Feyd al Saud y Jason ayudaron a Martin Lindros a subir al helicóptero. Mientras Bourne daba órdenes al piloto de Fadi, el jefe de seguridad saudí ordenó salir a su guardia del helicóptero y se arrodilló para ayudar al médico a acomodar a Lindros lo mejor posible.

—¿Cuánto tiempo le queda? —dijo Feyd al Saud en voz baja. Estaba claro que Lindros agonizaba.

El médico alzó los hombros.

—Una hora, más o menos.

Bourne había acabado de hablar con el piloto y éste ocupó su asiento.

—Necesito que hagas algo por mí.

Feyd al Saud se levantó.

—Tú dirás, amigo mío.

—Primero, necesito un teléfono. El mío está muerto.

Uno de los saudíes pasó un teléfono al jefe de seguridad. Bourne insertó en él el chip que contenía todos los números de su agenda.

—Gracias. Ahora quiero que llames a tus contactos en el Gobierno de Estados Unidos y les digas que el avión que voy a tomar es saudí y va en misión diplomática. En cuanto hable con el piloto te mandaré el plan de vuelo. No quiero problemas con Aduanas e Inmigración.

—Considéralo hecho.

—Luego quiero que llames a la CIA y les digas lo mismo, pero dales una hora estimada de llegada cuarenta minutos posterior a la que te dé cuando el piloto haya comprobado las condiciones meteorológicas.

—Pero si llamo a la CIA alertaré al impostor…

—Sí —dijo Bourne—. Eso es.

Feyd al Saud contrajo la cara, preocupado.

—Estás jugando a un juego muy peligroso, Jason. —Tras advertir a su amigo, le abrazó calurosamente—. Alá te ha dado alas. Que Él te proteja en tu misión.

Besó a Bourne en ambas mejillas y después, inclinándose, salió del helicóptero. El piloto pulsó un interruptor que retiró la cubierta de camuflaje del helipuerto. Cuando estuvo seguro de que el personal de tierra se había retirado del rotor, encendió el motor.

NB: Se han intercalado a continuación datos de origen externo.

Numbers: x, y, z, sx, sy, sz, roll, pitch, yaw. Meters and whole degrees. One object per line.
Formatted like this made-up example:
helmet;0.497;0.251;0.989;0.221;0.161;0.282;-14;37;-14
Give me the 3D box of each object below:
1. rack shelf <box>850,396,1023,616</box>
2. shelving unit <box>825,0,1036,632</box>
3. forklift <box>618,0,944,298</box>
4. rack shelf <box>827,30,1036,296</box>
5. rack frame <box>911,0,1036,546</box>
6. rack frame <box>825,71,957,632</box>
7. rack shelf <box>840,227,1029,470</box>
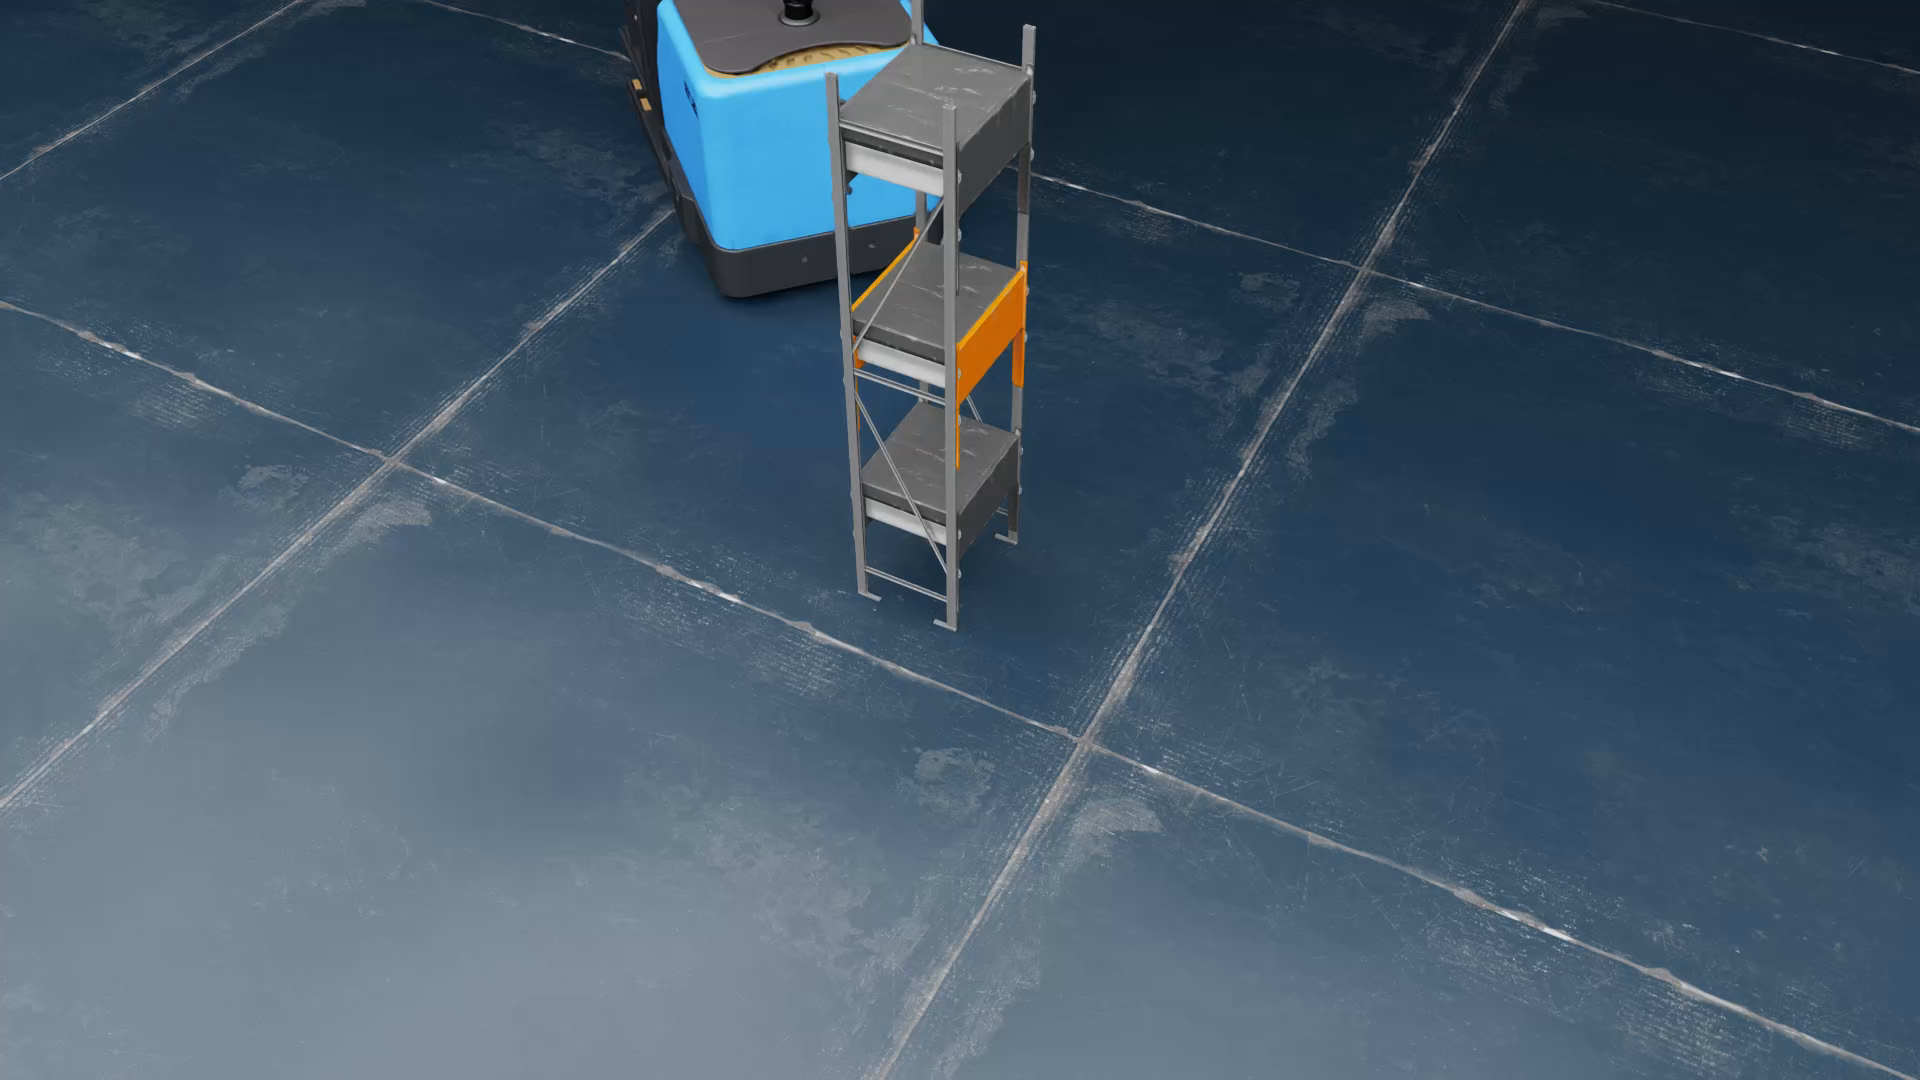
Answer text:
rack shelf;-0.077;-0.132;5.908;0.431;0.518;0.480;20;49;19
shelving unit;-0.077;-0.634;5.400;0.431;2.100;0.503;20;49;19
forklift;-1.034;-3.144;7.297;1.130;2.935;3.031;-14;47;-14
rack shelf;-0.077;-1.116;4.912;0.431;0.518;0.480;20;49;19
rack frame;0.036;-0.788;5.552;0.400;2.100;0.015;20;49;19
rack frame;-0.190;-0.480;5.248;0.400;2.100;0.015;20;49;19
rack shelf;-0.077;-0.624;5.410;0.431;0.518;0.480;20;49;19

Bourne se arrodilló junto a Lindros y tomó su mano. Martin abrió su ojo, parpadeando. Le miró, sonrió con lo que le quedaba de boca y apretó con fuerza su mano.

Bourne sintió que se le saltaban las lágrimas. Haciendo un esfuerzo, las refrenó.

—Fadi ha muerto, Martin —dijo, haciéndose oír por encima del estruendo cada vez más fuerte—. Has cumplido tu deseo. Eres un héroe.